Snuffy: Efficient Whole Slide Image Classifier
Hossein Jafarinia, Alireza Alipanah, Danial Hamdi, Saeed Razavi, Nahal, Mirzaie, Mohammad Hossein Rohban

TL;DR
Snuffy introduces a novel sparse transformer-based MIL pooling method for whole slide image classification that reduces training time, handles domain shifts, and achieves superior accuracy on pathology datasets.
Contribution
The paper presents Snuffy, a new MIL pooling architecture based on sparse transformers, tailored for pathology, with theoretical guarantees and improved performance with limited pre-training.
Findings
Achieves superior accuracy on CAMELYON16 and TCGA datasets.
Theoretically proven to be a universal approximator with minimal layers.

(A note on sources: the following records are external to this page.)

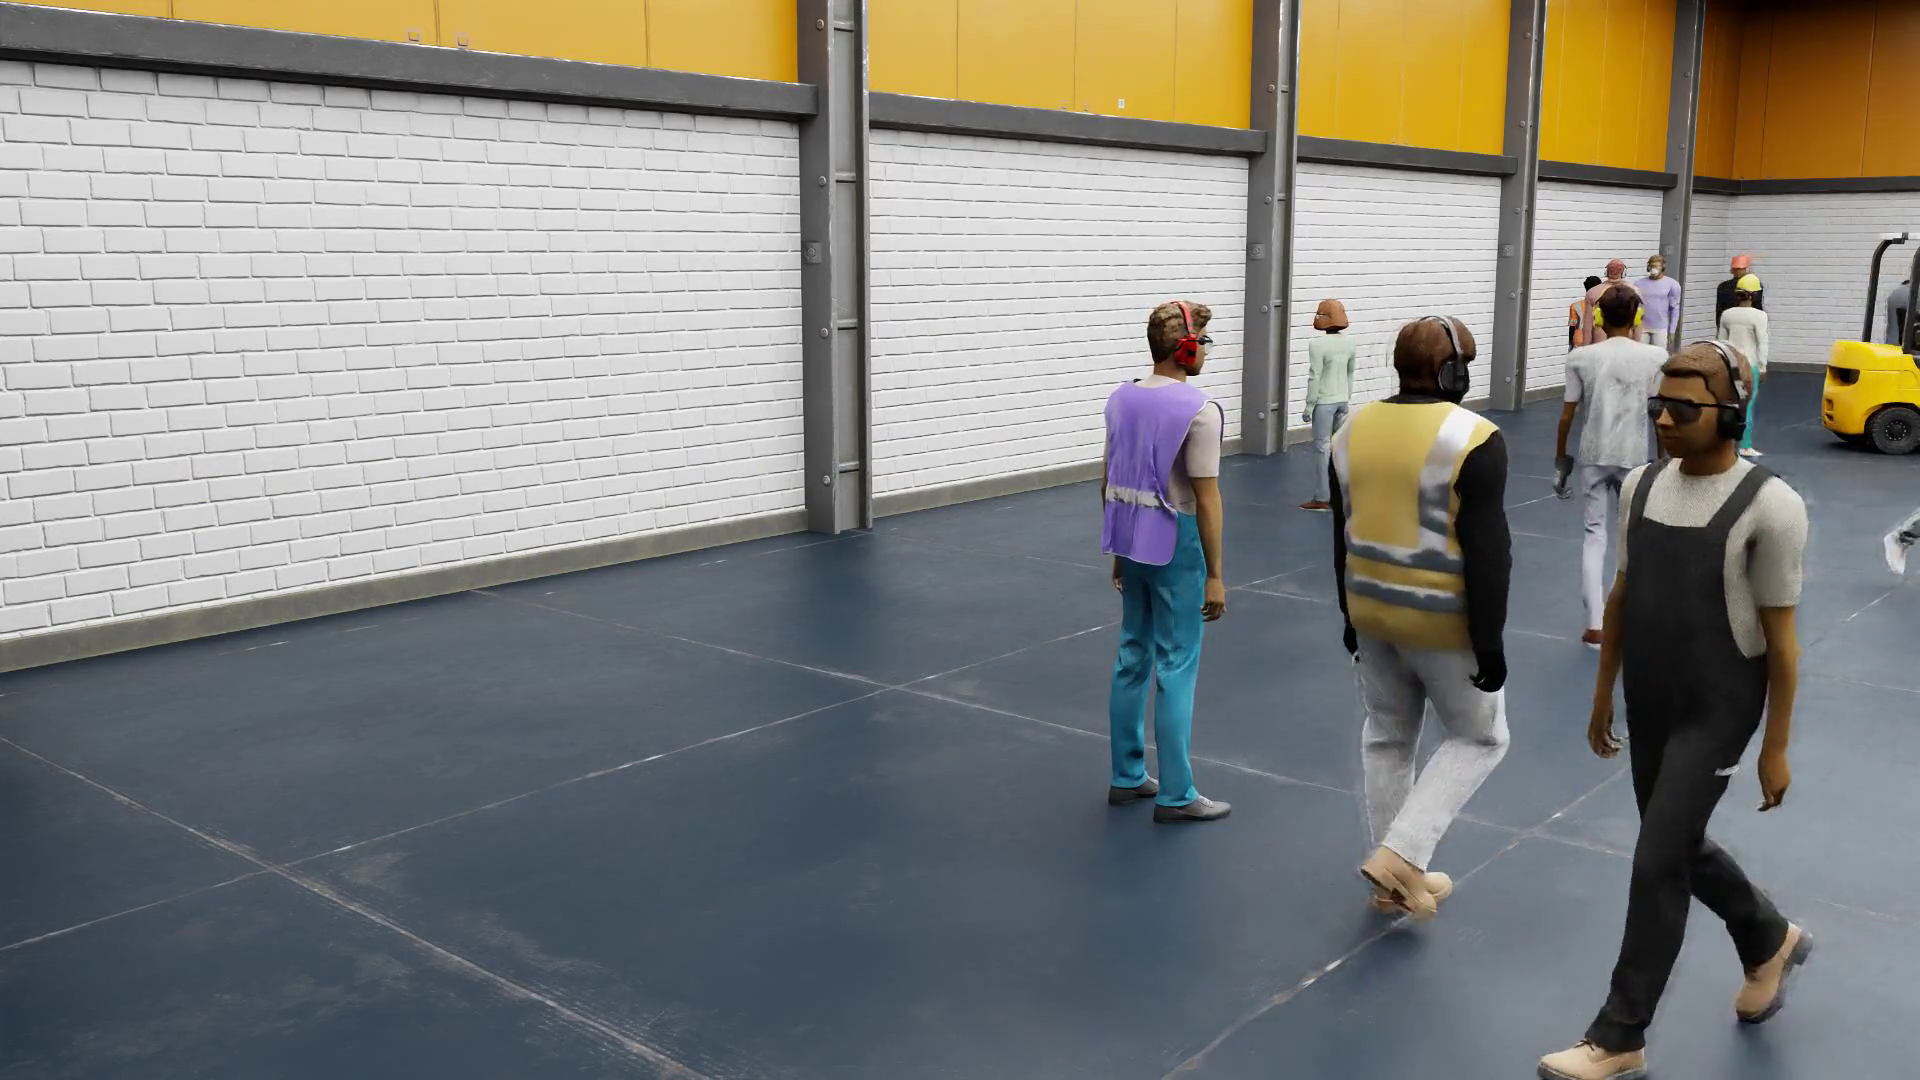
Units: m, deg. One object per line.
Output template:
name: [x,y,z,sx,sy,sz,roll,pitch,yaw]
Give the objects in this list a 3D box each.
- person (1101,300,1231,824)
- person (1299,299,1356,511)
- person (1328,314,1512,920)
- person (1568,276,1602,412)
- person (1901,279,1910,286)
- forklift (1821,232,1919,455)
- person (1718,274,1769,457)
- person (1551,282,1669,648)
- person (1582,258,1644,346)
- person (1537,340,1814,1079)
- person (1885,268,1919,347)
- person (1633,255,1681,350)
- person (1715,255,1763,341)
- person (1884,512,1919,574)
person: [0.711,0.080,5.902,0.372,1.843,0.570,-6,12,-33]
person: [2.850,-1.041,12.882,0.500,1.636,0.279,-8,13,-37]
person: [1.378,0.249,4.972,0.435,1.832,0.648,-7,12,-33]
person: [7.770,-2.410,20.533,0.529,1.689,0.321,3,10,17]
person: [10.585,-2.072,18.597,0.366,1.682,0.534,2,10,13]
forklift: [9.955,-1.972,16.595,2.313,2.155,1.214,1,10,8]
person: [7.640,-1.697,16.239,0.308,1.772,0.526,-5,11,-28]
person: [3.325,-0.379,8.500,0.563,1.850,0.513,3,10,17]
person: [7.359,-2.213,18.785,0.639,1.910,0.407,3,11,19]
person: [1.844,0.415,4.091,0.861,1.823,0.522,-4,11,-21]
person: [10.115,-2.050,17.872,0.813,1.910,0.645,-3,10,-16]
person: [9.038,-2.745,21.728,0.635,1.937,0.360,8,13,39]
person: [10.630,-2.913,22.700,0.632,1.943,1.045,8,13,39]
person: [5.903,-0.560,9.863,0.494,1.725,0.533,-4,11,-23]

Enables effective continual few-shot pre-training.
Abstract
Whole Slide Image (WSI) classification with multiple instance learning (MIL) in digital pathology faces significant computational challenges. Current methods mostly rely on extensive self-supervised learning (SSL) for satisfactory performance, requiring long training periods and considerable computational resources. At the same time, no pre-training affects performance due to domain shifts from natural images to WSIs. We introduce Snuffy architecture, a novel MIL-pooling method based on sparse transformers that mitigates performance loss with limited pre-training and enables continual few-shot pre-training as a competitive option. Our sparsity pattern is tailored for pathology and is theoretically proven to be a universal approximator with the tightest probabilistic sharp bound on the number of layers for sparse transformers, to date. We demonstrate Snuffy's effectiveness on CAMELYON16…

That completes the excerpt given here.